Pomimo faktu, iż powiat wniósł do spółki publiczny majątek stał się jej mniejszościowym udziałowcem. W wyniku czego został pozbawiony realnego wpływu na jej działalność.
Większościowym udziałowcem Nowego Szpitala w Olkuszu została Grupa Nowy Szpital Holding S.A (GNS).
Spór strostwo-władze szpitala
Kolejne władze starostwa, nie mogąc skutecznie zapobiegać w swojej ocenie niekorzystnym z punktu widzenia mieszkańców działaniom, zwróciło się do NIK o przeprowadzenie w szpitalu kontroli.

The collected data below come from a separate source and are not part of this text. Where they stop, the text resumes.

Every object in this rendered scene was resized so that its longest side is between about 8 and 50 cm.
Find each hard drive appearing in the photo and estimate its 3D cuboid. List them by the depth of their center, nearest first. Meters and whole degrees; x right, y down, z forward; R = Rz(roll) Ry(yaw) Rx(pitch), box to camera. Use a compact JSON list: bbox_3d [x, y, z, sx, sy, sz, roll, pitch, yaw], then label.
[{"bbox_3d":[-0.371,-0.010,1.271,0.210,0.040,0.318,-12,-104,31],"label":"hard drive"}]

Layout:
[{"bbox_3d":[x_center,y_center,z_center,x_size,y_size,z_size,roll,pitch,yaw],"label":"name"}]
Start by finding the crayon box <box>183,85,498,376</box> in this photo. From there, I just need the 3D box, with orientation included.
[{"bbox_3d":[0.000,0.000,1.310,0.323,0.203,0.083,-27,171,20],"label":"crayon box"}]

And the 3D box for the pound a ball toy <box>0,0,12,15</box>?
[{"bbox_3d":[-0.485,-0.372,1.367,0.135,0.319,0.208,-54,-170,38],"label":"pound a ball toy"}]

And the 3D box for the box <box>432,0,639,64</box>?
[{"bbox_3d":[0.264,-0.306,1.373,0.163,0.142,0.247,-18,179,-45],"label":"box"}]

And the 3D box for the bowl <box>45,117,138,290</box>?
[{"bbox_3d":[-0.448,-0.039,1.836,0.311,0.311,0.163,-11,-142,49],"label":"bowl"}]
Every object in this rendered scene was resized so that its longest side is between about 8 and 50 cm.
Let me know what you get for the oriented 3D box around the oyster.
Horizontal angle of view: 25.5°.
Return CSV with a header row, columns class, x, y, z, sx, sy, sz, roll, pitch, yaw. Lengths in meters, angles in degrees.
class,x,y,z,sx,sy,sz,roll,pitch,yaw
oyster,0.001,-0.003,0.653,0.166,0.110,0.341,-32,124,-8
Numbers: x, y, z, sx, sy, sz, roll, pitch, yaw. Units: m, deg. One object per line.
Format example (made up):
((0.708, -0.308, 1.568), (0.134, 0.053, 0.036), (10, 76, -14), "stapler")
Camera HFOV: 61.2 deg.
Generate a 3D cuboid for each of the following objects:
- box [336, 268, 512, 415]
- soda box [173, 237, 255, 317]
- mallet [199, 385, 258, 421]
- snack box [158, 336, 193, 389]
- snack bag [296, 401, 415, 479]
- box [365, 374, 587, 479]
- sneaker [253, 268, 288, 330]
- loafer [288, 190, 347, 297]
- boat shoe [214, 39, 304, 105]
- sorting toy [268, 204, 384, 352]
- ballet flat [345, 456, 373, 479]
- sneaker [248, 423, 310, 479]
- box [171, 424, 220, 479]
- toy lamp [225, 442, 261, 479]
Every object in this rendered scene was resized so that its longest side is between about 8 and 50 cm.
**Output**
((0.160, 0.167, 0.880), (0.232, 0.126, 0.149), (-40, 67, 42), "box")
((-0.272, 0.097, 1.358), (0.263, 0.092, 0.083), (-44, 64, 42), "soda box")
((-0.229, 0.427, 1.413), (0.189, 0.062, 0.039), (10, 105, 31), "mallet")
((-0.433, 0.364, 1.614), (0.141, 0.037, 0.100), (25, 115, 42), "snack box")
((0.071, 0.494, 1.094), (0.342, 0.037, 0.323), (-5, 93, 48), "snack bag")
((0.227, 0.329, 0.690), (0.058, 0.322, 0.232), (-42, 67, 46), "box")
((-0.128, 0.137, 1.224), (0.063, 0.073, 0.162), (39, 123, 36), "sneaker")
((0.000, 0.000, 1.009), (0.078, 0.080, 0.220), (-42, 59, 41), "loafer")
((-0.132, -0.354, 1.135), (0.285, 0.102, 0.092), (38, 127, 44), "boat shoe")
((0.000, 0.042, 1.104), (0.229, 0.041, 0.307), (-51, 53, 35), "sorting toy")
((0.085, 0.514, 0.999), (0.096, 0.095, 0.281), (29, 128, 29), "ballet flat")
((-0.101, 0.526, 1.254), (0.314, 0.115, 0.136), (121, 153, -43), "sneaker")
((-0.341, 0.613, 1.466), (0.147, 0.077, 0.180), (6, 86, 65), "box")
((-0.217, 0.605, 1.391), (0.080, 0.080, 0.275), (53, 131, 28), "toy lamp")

Zdaniem NIK zarząd placówki na wszelkie sposoby próbował udaremnić, a następnie utrudnić przeprowadzenie audytu. Izba złożyła więc zawiadomienie do prokuratury o utrudnianie czynności służbowych. Spółka odpiera te zarzuty, zapewniając, że przez cały okres inspekcji szpital współpracował z urzędnikami udostępniał im wszystkie dokumenty.
- Nigdy nie odmówiono kontrolerowi wstępu do obiektu szpitala - przekonuje rzecznik prasowy GNS Marta Pióro.
Główną kwestią sporną pomiędzy powiatem a spółką były wielkość i zasadność zobowiązań podejmowanych przez szpital wobec głównego udziałowca.
Według NIK, szpital - wbrew stanowisku władz powiatu - podejmował decyzje korzystne dla Grupy, m.in. zlecał usługi zewnętrzne oraz udzielał tej spółce i spółkom od niej zależnym pożyczek. Takie decyzje mogły niekorzystnie wpływać na działanie spółki i prowadzić do naruszania zasad efektywnego wydatkowania środków publicznych.
Powiat nie jest bez winy
Przeprowadzony audyt wskazuje również na słabe strony powiatu. W ocenie kontrolerów samorządowcy nie wykorzystali wszystkich dostępnych instrumentów prawnych. Tylko raz w 2013 r. przeprowadzono w spółce kontrolę indywidualną, natomiast nie skorzystano z żądania wyznaczenia przez sąd firmy audytorskiej.
- W 2009 roku zwracałem uwagę, że powiat nie może wyzbywać się kontroli nad taką ważną jednostką jaką jest szpital. Jak widać po latach moje obawy były słuszne - komentuje Radny Powiatowy, Jan Orkisz.
Pomimo trwania sporu nie ucierpieli na tym pacjenci. Cały czas mieli oni zapewnioną opiekę medyczną, choć zdarzały się problemy.
- Nie rozumiemy powodów, dla których NIK wchodzi w kompetencje zarządu szpitala. Jesteśmy przekonani, że dobrze wykonujemy swoje zadania - podsumowuje rzeczniczka GNS.